Data extracted from a collection:
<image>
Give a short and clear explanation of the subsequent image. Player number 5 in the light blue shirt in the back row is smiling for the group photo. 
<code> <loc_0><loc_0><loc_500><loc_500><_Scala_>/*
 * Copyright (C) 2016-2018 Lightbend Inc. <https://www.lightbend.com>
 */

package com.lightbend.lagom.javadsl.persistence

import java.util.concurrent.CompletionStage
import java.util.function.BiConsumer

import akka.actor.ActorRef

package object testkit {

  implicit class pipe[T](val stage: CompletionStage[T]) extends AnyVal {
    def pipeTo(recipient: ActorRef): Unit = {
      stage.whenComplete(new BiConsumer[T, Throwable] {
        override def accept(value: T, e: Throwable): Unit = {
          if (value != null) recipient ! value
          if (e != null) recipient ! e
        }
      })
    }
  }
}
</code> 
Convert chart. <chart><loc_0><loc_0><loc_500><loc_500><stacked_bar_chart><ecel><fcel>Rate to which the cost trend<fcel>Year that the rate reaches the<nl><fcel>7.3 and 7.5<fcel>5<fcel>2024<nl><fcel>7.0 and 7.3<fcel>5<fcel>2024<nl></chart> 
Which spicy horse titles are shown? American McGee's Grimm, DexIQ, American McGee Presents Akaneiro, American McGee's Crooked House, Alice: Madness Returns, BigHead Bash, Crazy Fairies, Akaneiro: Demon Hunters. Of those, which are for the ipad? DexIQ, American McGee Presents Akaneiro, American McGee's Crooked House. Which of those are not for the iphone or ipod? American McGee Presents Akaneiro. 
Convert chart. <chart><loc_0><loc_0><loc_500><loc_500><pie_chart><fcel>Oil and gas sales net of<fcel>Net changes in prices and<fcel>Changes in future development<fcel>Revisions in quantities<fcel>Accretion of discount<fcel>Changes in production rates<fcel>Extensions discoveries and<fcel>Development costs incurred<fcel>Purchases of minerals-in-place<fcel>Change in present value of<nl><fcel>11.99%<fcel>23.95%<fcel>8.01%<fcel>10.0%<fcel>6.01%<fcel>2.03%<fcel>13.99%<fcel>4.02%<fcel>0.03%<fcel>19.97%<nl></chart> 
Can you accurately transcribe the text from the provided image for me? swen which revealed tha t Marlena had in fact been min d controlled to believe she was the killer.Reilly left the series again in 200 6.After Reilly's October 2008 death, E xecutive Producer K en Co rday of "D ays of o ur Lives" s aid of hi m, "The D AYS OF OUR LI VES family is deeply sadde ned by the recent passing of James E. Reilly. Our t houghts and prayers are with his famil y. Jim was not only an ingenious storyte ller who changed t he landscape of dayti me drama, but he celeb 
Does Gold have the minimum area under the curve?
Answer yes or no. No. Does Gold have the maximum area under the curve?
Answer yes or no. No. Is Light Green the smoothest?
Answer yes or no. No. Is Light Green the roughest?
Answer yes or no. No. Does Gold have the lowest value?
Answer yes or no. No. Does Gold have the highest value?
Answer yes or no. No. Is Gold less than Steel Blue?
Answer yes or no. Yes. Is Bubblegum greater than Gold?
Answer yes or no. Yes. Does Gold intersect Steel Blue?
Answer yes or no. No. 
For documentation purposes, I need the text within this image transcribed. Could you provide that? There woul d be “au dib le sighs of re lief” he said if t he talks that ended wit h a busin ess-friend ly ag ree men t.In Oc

== GOAL OF THE EXERCISE ==
Copy every entry exactly.

== OUTPUT FOR THIS EXERCISE ==
<image>
Give a short and clear explanation of the subsequent image. Player number 5 in the light blue shirt in the back row is smiling for the group photo. 
<code> <loc_0><loc_0><loc_500><loc_500><_Scala_>/*
 * Copyright (C) 2016-2018 Lightbend Inc. <https://www.lightbend.com>
 */

package com.lightbend.lagom.javadsl.persistence

import java.util.concurrent.CompletionStage
import java.util.function.BiConsumer

import akka.actor.ActorRef

package object testkit {

  implicit class pipe[T](val stage: CompletionStage[T]) extends AnyVal {
    def pipeTo(recipient: ActorRef): Unit = {
      stage.whenComplete(new BiConsumer[T, Throwable] {
        override def accept(value: T, e: Throwable): Unit = {
          if (value != null) recipient ! value
          if (e != null) recipient ! e
        }
      })
    }
  }
}
</code> 
Convert chart. <chart><loc_0><loc_0><loc_500><loc_500><stacked_bar_chart><ecel><fcel>Rate to which the cost trend<fcel>Year that the rate reaches the<nl><fcel>7.3 and 7.5<fcel>5<fcel>2024<nl><fcel>7.0 and 7.3<fcel>5<fcel>2024<nl></chart> 
Which spicy horse titles are shown? American McGee's Grimm, DexIQ, American McGee Presents Akaneiro, American McGee's Crooked House, Alice: Madness Returns, BigHead Bash, Crazy Fairies, Akaneiro: Demon Hunters. Of those, which are for the ipad? DexIQ, American McGee Presents Akaneiro, American McGee's Crooked House. Which of those are not for the iphone or ipod? American McGee Presents Akaneiro. 
Convert chart. <chart><loc_0><loc_0><loc_500><loc_500><pie_chart><fcel>Oil and gas sales net of<fcel>Net changes in prices and<fcel>Changes in future development<fcel>Revisions in quantities<fcel>Accretion of discount<fcel>Changes in production rates<fcel>Extensions discoveries and<fcel>Development costs incurred<fcel>Purchases of minerals-in-place<fcel>Change in present value of<nl><fcel>11.99%<fcel>23.95%<fcel>8.01%<fcel>10.0%<fcel>6.01%<fcel>2.03%<fcel>13.99%<fcel>4.02%<fcel>0.03%<fcel>19.97%<nl></chart> 
Can you accurately transcribe the text from the provided image for me? swen which revealed tha t Marlena had in fact been min d controlled to believe she was the killer.Reilly left the series again in 200 6.After Reilly's October 2008 death, E xecutive Producer K en Co rday of "D ays of o ur Lives" s aid of hi m, "The D AYS OF OUR LI VES family is deeply sadde ned by the recent passing of James E. Reilly. Our t houghts and prayers are with his famil y. Jim was not only an ingenious storyte ller who changed t he landscape of dayti me drama, but he celeb 
Does Gold have the minimum area under the curve?
Answer yes or no. No. Does Gold have the maximum area under the curve?
Answer yes or no. No. Is Light Green the smoothest?
Answer yes or no. No. Is Light Green the roughest?
Answer yes or no. No. Does Gold have the lowest value?
Answer yes or no. No. Does Gold have the highest value?
Answer yes or no. No. Is Gold less than Steel Blue?
Answer yes or no. Yes. Is Bubblegum greater than Gold?
Answer yes or no. Yes. Does Gold intersect Steel Blue?
Answer yes or no. No. 
For documentation purposes, I need the text within this image transcribed. Could you provide that? There woul d be “au dib le sighs of re lief” he said if t he talks that ended wit h a busin ess-friend ly ag ree men t.In Oc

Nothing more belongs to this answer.